The ductility properties of the specimens after heat treatment are shown in Figure 6. With the quenching temperature increasing to 850 °C, the total elongation decreases rapidly for both tempering conditions due to the fast decrease of ferrite content; the increase of coarse and interconnected martensite around the ferrite (see Figure 1 and Figure 2) promotes the growth of microvoids at a faster rate with less plastic strain by causing severe inhomogeneous deformation [21]. When the quenching temperature is over 850 °C, total elongation changes only slightly due to the similar microstructure for these quenching conditions. The specimens tempered at 450 °C have a better elongation property than those tempered at 180 °C, and the difference becomes significant when the quenching temperature is lower with more ferrite. These probably result from three reasons based on the coordination deformation mechanism of ferrite and martensite. First, with the increase of tempering temperature, the strength of martensite decreases more seriously than ferrite, so the strength difference between them can be reduced which is in favor of the co-deformation of the two constituents [12,29]. Second, the carbon content in martensite, which transfers to austenite from ferrite, decreases at a higher temperature quenching condition, resulting in the reduction of martensite strength [30]. Third, the decrease of ferrite fraction and grain size with the increase of quenching temperature leads to ferrite with higher internal stress introduced by the expansion of martensitic transformation; this also reduces the strength difference between ferrite and martensite and facilitates the coordination deformation between them [6].

The deformed microstructure next to the tensile fracture surface of specimens after heat treatment was analyzed by SEM as shown in Figure 7. It can be seen that during the tensile process both ferrite and martensite are elongated independent of the ferrite content and tempering temperature. When specimens with a high amount of ferrite (37 vol%) are tempered at 180 °C the strength difference between ferrite and martensite is large, so the ferrite deforms more seriously than martensite, and the constituents’ morphology is easily identified (see Figure 7a). With the increase of tempering temperature the strength difference becomes small, so the martensite deforms coordinately with ferrite; it is hard to identify its morphology due to the serious deformation (see Figure 7b). Microcracks, for both tempering conditions, mainly nucleate at the ferrite–martensite interfaces due to the stress concentration. However, when the specimen contains a low content (<3 vol%) of ferrite and is tempered at 180 °C martensite is the main constituent to bear deformation and the ferrite deforms slightly due to the constraint of martensite as shown in Figure 7c, therefore it can be seen that more ferrite is beneficial for the plastic property. After tempering at 450 °C, martensite has better plasticity and deforms with ferrite more harmoniously, whereas ferrite is elongated with martensite and is difficult to identify (see Figure 7d). Meanwhile, in these two tempering conditions with little ferrite, microcracks mainly nucleate at the martensite packet boundaries for the uniform stress distribution with little ferrite–martensite interface. So it can be concluded that grain boundaries with stress concentration are prior positions for microcracks to nucleate during the tensile process.

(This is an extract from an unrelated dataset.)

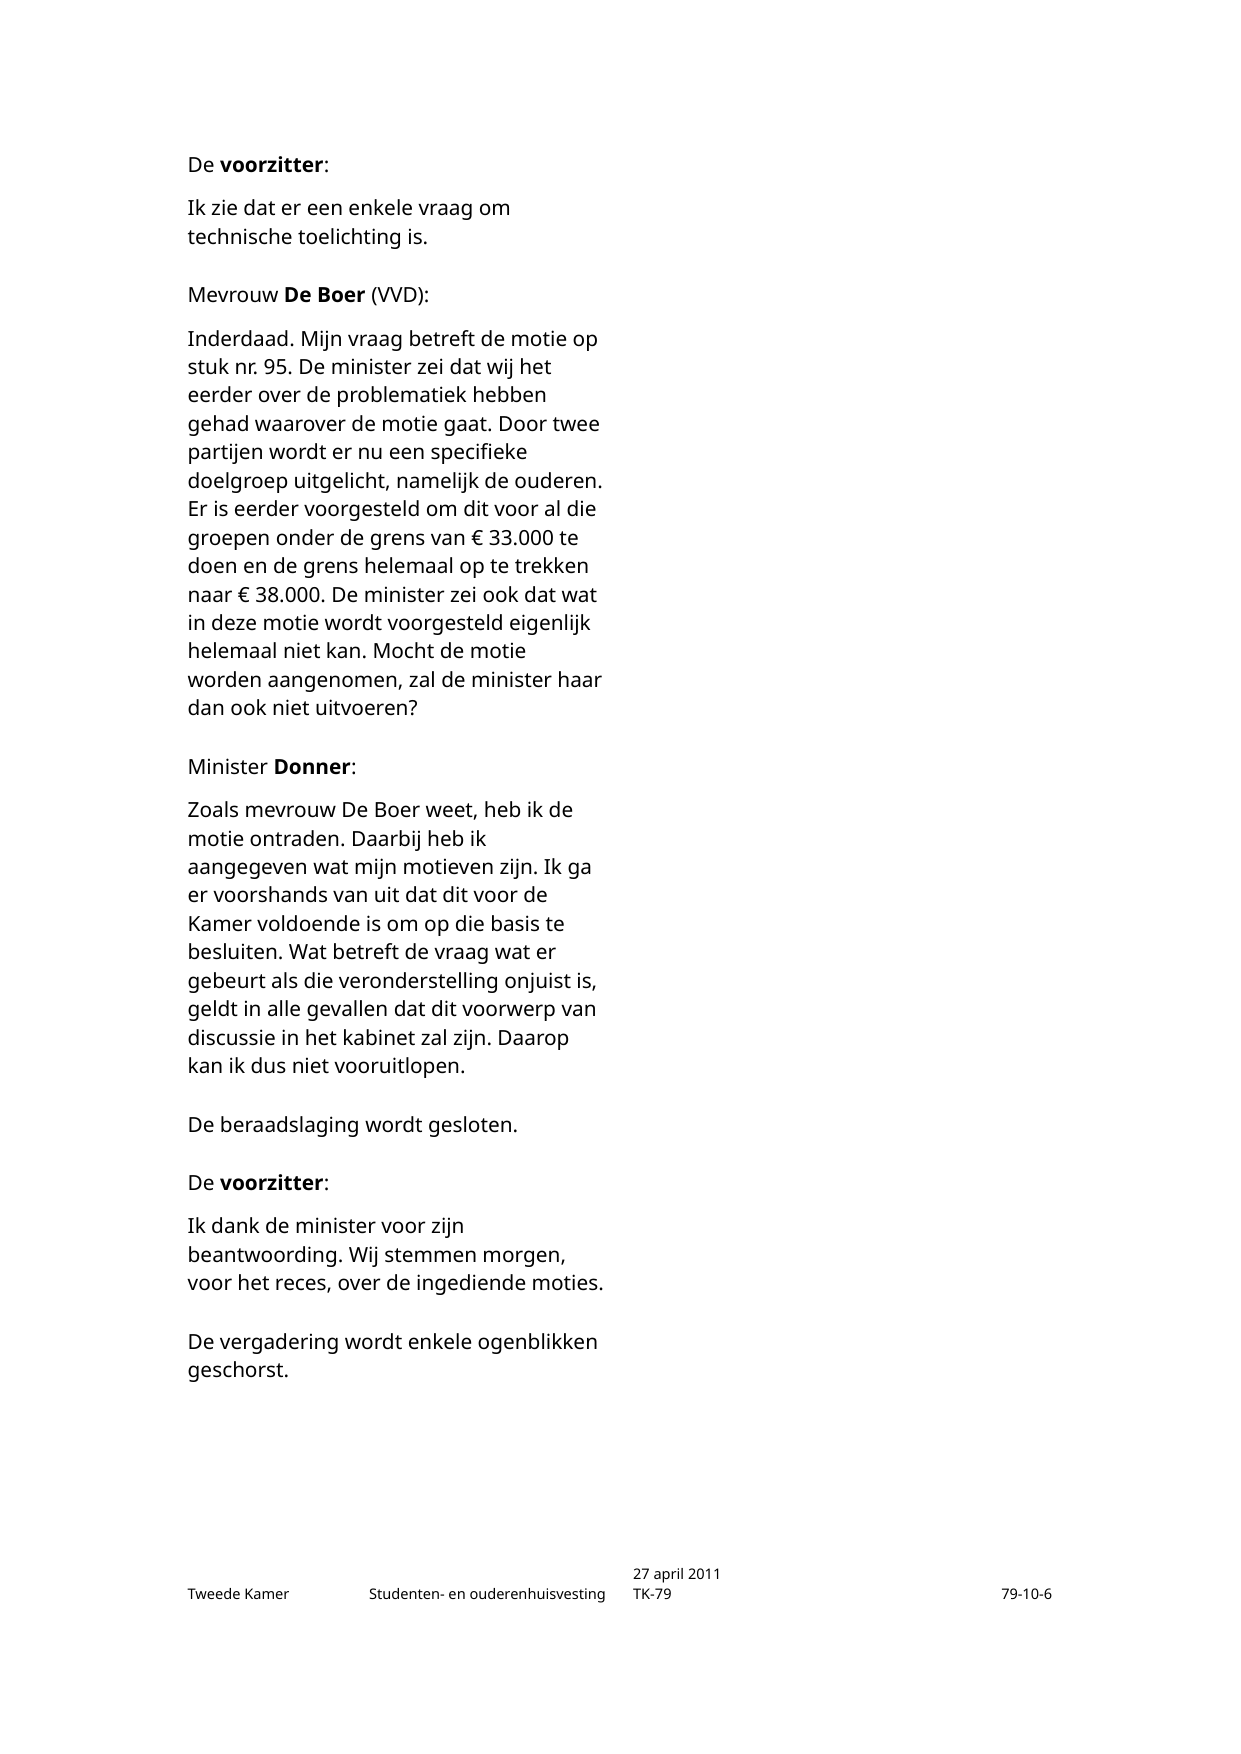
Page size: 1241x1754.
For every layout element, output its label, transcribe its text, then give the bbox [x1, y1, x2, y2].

3.3. Strain Hardening Behavior

The strain hardening behavior of the specimens during tensile deformation has been studied by the application of differential Crussard–Jaoul (D_C–J) analysis, which reveals the influence of martensite morphology on strain hardening more effectively at the early stages of deformation for DP steel compared with Hollomon and modified C–J analyses [31]. The D_C–J analysis is expressed as:

$$\ln \left(\frac{\mathrm{d}\sigma }{\mathrm{d}\epsilon }\right)=\left(n-1\right)\ln \epsilon +\ln (kn)$$

(2)

which is based on the power Ludwik relation:

$$\sigma ={\sigma }_0+{k\epsilon }^n$$

(3)

where $\sigma$ is the true stress, $\epsilon$ is the true strain, n is the strain hardening exponent, and ${\sigma }_0$ and k are material constants. The results of the D_C–J analysis of tensile dates are shown in Figure 8. The values of n − 1 at different stages calculated by fitting the slopes of curves for all of the specimens are summarized in

Table 3. Summary of the parameters related to strain hardening behavior of each heat treated specimens.

Quenching Temperature/°C	Tempering Temperature/°C	Slope (n − 1)
		Stage I	Stage II	Stage III
790	180	−5.55	−0.42	−1.50
810		−3.38	0.95	−1.64
830		−1.69	−0.21	−1.62
850		−−	−1.15	−1.99
900		−−	−−	−1.94
790	450	−5.59	−−	−1.09
810		−4.20	−−	−1.34
830		−4.70	−−	−1.03
850		−9.29	−−	−0.48
900		−12.52	−−	−0.39

. After tempering at 180 °C, the results of the strain hardening for specimens quenched from 790 °C, 810 °C, and 830 °C show three stages (labeled as stage I, II, and III) according to the values of n − 1 (see Figure 8a), which reveals different deformation mechanisms [25,31,32]. The first stage I is attributed to the homogeneous deformation of the soft ferrite matrix induced by the glide of mobile dislocations or residual stresses surrounding the martensite regions. The second stage II is attributed to the deformation of the constrained ferrite and possible transformation of retained austenite into martensite. Stage III is attributed to the simultaneous deformation of ferrite and martensite. When quenching from 850 °C, the plots of strain hardening show two stages (II and III), which indicates that the ferrite in the microstructure is constrained by martensite and is hard to deform (see Figure 7c). When the quenching temperature increases to 900 °C, only stage III is evident, as expected, due to the deformation of single-phase martensite. These changes are similar to those results of DP steels without tempering in the literature [25,31]. In Table 3, the values of n − 1 in stage I increase with the quenching temperature increasing from 790 °C to 830 °C due to the increasing movable dislocation density in the ferrite matrix along the ferrite–martensite interfaces introduced by the expansion of martensite transformation. However, in the third stage, the values of n − 1 decrease with the increase of martensite volume fraction and this result agrees with other researches [22,32].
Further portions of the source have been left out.